# Quod Erat Demonstrandum

## 2007/11/07

### [CE] A typical curve sketching question

Filed under: HKCEE — johnmayhk @ 9:40 下午

Just busy with the cheering team practice. For a break, write something quick…

This is a part of the question of 2000-CE-A.Math-Q.10, a typical question.Let $y = f(x) = \frac{7 - 4x}{x^2 + 2}$.
Show that the maximum and minimum values of $f(x)$ are $4$ and $-\frac{1}{2}$ respectively.

When it is given to F.5C students, some of them puzzled and asked, ‘is that something wrong in the question?’ They added, ‘ $-\frac{1}{2}$ is maximum and $4$ is minimum.’ How come?

In fact, students’ concept is so vague to give that comment. Saying “ $-\frac{1}{2}$ is maximum and $4$ is minimum." is not clear! They should say something like: $y$ attains its maximum value when $x = -\frac{1}{2}$. Hence,
to find maximum value of $y$,
we put $x = -\frac{1}{2}$ into $y = \frac{7 - 4x}{x^2 + 2}$,
that is, the maximum value of $y = \frac{7 - 4(-\frac{1}{2})}{(-\frac{1}{2})^2 + 2} = 4$.

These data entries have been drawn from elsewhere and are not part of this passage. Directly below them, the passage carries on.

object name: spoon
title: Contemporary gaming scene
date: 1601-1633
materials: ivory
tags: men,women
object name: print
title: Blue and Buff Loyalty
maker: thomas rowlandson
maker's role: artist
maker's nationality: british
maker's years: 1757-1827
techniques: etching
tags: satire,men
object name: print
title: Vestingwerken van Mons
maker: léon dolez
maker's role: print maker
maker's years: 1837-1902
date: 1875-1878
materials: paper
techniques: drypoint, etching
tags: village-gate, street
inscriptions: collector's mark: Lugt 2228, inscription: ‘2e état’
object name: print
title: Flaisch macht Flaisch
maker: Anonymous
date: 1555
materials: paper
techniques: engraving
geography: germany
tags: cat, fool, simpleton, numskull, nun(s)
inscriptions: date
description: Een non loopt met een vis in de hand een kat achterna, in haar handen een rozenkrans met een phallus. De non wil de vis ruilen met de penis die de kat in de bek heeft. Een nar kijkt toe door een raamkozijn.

Also, they should say $y$ attains its minimum value when $x = 4$. Hence,
the minimum value of $y = \frac{7 - 4(4)}{4^2 + 2} = -\frac{1}{2}$.

The designer of this question played little tricks on numbers. It may be quite interesting to set up similar question by choosing ‘suitable’ numbers $a$ and $b$ satisfying $a < b$; $f(a) = b =$ maximum value of $y$; $f(b) = a =$ minimum value of $y$; and
It is not too easy (or too difficult) to find derivatives of $f(x)$.

Students try to find such function to help me set up A. Math Examination Paper ^_^.